WHAT IS EXPECTED
Copy out exactly the stretch of the listing below that begins at the line containing "text Local e data, [118, 1583, 1122, 1610]" and ends at the line containing "text ANEXO VI –", and copy nothing outside it.

DATASET RECORDS
------------

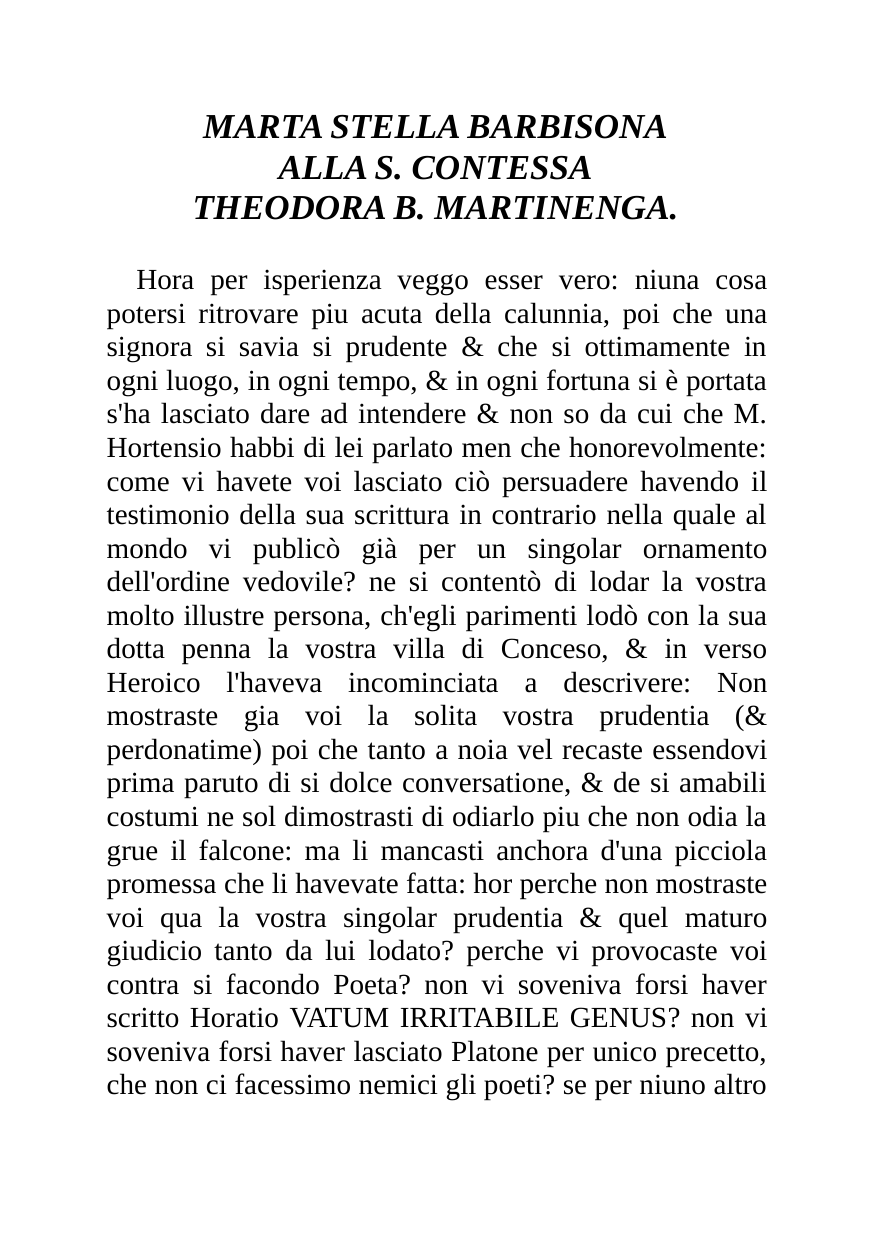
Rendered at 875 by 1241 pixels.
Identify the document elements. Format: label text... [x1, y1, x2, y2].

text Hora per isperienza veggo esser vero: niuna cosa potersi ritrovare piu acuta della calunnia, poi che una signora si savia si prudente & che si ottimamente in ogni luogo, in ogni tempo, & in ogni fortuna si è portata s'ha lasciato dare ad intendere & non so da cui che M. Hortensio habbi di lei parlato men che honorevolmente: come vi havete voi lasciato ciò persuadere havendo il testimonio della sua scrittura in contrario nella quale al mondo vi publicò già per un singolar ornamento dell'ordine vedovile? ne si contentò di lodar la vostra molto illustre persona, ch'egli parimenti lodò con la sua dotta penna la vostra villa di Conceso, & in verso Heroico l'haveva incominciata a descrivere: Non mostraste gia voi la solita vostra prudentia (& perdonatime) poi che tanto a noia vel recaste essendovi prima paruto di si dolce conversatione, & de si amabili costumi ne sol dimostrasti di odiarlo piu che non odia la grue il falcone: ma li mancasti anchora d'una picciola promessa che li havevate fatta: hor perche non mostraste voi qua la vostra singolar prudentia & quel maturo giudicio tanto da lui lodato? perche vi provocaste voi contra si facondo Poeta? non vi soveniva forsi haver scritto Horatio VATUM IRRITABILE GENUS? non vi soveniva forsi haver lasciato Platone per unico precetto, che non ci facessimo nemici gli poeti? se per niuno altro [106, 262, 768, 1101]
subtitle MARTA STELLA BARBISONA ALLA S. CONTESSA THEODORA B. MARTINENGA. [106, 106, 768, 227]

------------

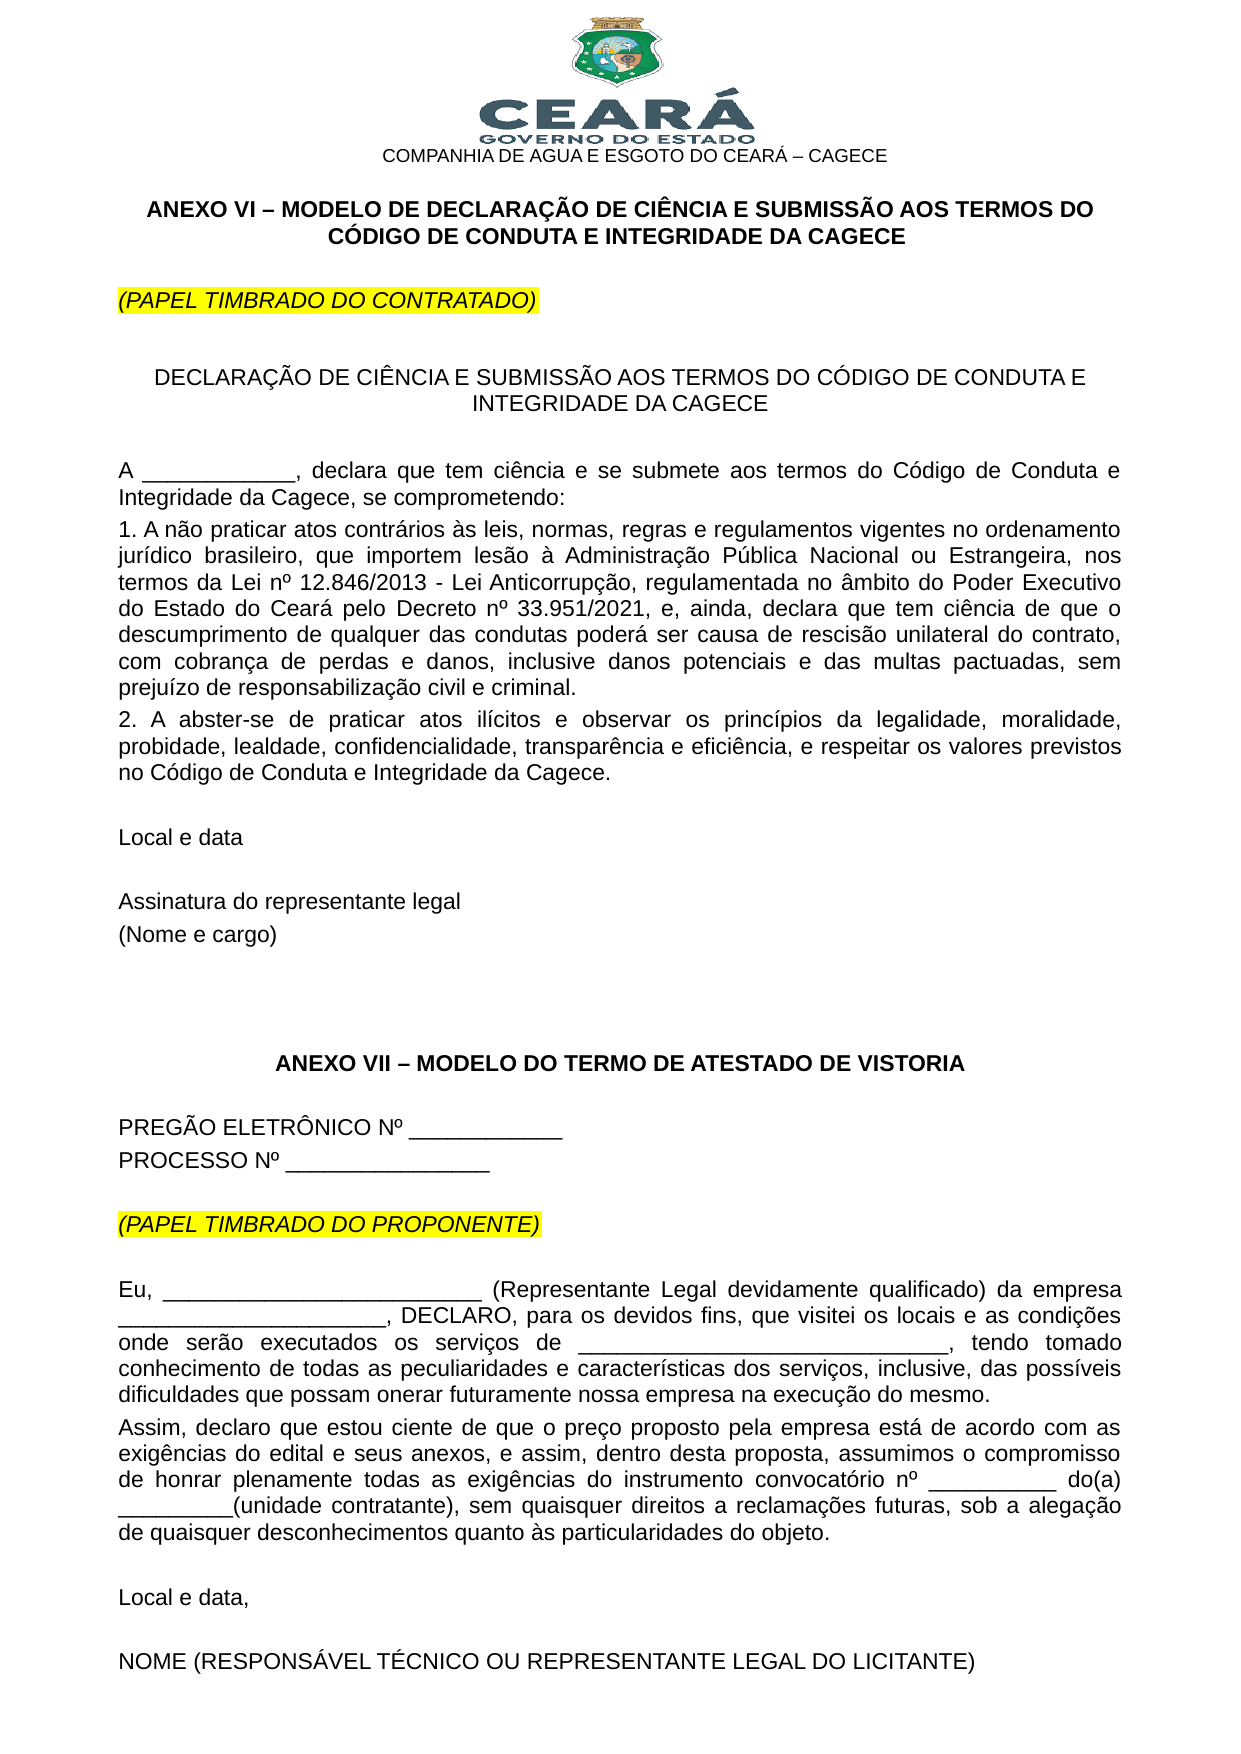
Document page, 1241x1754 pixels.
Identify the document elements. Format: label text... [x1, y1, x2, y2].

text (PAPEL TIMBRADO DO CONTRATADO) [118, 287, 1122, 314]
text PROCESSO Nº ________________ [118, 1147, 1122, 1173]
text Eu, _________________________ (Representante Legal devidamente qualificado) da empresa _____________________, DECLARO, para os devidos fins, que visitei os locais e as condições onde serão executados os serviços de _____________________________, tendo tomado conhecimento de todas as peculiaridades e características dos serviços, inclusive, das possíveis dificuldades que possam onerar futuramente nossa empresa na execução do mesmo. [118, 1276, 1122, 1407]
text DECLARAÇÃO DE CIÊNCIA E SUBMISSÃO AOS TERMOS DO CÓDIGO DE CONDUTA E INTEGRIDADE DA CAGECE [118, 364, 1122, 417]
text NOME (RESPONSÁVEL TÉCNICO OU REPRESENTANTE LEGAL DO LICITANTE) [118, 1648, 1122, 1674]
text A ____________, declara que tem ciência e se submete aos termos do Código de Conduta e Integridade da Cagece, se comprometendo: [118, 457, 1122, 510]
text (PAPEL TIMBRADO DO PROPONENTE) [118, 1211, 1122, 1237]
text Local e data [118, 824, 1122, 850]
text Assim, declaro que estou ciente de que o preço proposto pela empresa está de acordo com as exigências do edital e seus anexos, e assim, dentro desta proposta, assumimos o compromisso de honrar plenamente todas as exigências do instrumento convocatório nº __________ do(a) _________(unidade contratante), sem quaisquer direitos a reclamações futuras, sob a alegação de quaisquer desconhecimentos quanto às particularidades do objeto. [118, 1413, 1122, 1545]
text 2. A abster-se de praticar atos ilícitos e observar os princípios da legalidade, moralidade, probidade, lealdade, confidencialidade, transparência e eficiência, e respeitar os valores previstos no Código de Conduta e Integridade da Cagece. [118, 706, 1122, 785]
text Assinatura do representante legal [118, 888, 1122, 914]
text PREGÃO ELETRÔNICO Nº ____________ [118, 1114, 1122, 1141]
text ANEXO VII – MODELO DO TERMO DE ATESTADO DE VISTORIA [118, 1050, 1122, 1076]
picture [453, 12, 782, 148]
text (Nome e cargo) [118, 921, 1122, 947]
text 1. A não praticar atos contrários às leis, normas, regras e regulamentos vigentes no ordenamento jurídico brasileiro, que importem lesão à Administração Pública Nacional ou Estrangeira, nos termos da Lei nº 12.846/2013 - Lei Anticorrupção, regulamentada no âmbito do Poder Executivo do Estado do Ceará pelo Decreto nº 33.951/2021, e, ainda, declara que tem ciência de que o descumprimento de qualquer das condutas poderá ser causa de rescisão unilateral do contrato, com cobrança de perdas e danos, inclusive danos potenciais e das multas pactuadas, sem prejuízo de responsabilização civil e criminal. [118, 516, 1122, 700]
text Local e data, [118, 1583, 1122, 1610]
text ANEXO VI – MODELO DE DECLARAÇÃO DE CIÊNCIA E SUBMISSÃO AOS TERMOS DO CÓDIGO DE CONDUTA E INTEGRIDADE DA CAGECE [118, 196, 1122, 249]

------------

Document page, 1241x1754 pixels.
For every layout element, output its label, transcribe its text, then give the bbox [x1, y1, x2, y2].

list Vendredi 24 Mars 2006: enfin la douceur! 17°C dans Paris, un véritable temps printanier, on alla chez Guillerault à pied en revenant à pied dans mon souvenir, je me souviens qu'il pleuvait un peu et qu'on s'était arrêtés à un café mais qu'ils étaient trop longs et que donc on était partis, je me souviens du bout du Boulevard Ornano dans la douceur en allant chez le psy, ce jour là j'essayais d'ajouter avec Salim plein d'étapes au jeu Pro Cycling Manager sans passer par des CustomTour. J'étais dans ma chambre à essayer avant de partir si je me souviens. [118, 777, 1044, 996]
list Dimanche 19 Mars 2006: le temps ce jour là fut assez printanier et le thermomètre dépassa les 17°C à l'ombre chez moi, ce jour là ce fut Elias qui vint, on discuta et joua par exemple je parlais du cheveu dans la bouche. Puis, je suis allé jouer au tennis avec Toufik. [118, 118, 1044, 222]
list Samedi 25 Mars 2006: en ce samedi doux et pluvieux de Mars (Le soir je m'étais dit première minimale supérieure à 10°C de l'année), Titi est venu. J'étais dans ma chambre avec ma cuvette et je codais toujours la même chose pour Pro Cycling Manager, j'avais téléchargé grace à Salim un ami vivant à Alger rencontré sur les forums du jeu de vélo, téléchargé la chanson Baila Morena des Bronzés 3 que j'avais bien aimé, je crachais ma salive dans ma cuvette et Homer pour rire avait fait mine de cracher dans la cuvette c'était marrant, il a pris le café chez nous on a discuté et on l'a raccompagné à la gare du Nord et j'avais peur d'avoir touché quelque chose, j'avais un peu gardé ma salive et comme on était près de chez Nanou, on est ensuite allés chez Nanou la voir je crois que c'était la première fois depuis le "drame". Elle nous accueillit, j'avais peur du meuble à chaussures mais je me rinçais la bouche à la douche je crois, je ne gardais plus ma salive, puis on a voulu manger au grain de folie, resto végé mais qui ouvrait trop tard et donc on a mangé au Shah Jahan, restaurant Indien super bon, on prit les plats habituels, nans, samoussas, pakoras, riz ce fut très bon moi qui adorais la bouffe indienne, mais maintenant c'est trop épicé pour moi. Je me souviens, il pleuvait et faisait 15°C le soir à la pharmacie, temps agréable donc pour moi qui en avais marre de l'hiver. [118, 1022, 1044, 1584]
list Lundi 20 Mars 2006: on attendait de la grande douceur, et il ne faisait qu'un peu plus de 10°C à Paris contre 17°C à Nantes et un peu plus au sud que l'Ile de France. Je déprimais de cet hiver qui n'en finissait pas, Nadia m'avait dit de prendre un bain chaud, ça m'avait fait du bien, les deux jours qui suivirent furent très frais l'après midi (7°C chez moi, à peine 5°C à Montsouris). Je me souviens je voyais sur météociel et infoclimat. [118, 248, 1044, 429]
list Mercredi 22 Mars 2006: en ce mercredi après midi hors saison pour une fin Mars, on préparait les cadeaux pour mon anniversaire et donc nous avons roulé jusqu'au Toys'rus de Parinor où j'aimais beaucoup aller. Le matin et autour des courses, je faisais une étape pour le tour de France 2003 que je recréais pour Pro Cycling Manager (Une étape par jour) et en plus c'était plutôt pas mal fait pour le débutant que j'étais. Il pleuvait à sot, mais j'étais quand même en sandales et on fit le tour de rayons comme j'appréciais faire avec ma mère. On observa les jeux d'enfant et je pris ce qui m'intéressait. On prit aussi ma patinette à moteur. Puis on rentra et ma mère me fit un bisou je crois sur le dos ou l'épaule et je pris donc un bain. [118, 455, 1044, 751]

------------

YOUR RESPONSE
text Local e data, [118, 1583, 1122, 1610]
text ANEXO VI – MODELO DE DECLARAÇÃO DE CIÊNCIA E SUBMISSÃO AOS TERMOS DO CÓDIGO DE CONDUTA E INTEGRIDADE DA CAGECE [118, 196, 1122, 249]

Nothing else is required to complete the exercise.